ENTRIES SHOWN
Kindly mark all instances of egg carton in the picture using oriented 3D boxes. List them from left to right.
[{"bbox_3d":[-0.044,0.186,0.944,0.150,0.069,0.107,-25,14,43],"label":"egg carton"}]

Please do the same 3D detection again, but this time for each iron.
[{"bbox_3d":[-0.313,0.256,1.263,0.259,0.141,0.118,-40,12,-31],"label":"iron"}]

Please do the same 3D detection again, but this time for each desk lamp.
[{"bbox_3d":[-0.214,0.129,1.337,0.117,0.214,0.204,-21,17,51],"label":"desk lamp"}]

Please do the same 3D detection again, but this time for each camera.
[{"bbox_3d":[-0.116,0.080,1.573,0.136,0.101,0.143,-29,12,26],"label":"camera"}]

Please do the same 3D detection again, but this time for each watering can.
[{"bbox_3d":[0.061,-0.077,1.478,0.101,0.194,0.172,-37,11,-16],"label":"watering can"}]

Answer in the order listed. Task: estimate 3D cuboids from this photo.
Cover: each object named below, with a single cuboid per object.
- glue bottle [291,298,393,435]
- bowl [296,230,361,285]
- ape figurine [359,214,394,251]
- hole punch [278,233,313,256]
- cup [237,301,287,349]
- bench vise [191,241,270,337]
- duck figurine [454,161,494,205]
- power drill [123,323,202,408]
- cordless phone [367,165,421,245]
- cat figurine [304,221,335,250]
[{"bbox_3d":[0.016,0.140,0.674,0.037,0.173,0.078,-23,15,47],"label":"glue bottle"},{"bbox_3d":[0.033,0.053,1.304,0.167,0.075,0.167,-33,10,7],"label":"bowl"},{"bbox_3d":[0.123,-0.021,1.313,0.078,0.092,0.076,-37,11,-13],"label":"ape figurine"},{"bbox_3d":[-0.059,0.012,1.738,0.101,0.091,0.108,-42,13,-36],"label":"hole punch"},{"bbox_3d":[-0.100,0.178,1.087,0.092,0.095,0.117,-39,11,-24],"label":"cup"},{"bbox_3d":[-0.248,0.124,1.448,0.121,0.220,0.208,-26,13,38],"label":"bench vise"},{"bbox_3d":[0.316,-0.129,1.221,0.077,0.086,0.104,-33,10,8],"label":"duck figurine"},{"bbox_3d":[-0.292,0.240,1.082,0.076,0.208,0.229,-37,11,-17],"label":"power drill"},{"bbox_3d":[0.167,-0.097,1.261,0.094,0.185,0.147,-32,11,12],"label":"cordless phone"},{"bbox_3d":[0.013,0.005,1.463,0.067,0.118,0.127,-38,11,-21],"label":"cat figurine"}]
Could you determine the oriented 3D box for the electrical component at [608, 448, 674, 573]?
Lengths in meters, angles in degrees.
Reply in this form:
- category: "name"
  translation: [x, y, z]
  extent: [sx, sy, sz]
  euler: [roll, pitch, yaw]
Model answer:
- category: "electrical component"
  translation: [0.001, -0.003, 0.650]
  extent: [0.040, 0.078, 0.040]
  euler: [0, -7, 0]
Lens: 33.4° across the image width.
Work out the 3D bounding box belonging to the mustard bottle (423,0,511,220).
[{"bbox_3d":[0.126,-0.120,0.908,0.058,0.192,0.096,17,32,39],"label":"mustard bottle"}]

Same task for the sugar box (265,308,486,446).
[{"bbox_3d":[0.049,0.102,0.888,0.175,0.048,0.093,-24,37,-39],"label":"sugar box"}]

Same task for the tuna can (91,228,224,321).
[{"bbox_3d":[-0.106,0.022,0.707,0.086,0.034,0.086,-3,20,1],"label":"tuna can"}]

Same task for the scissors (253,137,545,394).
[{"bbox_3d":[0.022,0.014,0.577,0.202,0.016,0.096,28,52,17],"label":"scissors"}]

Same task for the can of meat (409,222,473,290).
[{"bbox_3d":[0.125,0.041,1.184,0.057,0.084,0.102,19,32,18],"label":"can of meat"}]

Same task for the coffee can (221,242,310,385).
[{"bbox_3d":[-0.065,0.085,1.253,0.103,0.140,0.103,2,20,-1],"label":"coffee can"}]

==

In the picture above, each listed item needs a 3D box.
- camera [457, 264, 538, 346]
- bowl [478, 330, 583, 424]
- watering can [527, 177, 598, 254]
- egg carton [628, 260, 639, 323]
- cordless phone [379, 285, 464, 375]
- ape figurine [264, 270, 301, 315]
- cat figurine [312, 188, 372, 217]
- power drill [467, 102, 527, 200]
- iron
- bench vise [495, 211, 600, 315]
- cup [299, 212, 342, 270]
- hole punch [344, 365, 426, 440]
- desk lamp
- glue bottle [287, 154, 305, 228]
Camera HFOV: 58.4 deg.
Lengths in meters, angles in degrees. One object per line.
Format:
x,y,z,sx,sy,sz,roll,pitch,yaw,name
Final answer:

TASK GOAL
Which lines of the listing contain the string "Lengths"? Copy each of them.

RESULT OF THIS EXERCISE
Lengths in meters, angles in degrees.
Lengths in meters, angles in degrees. One object per line.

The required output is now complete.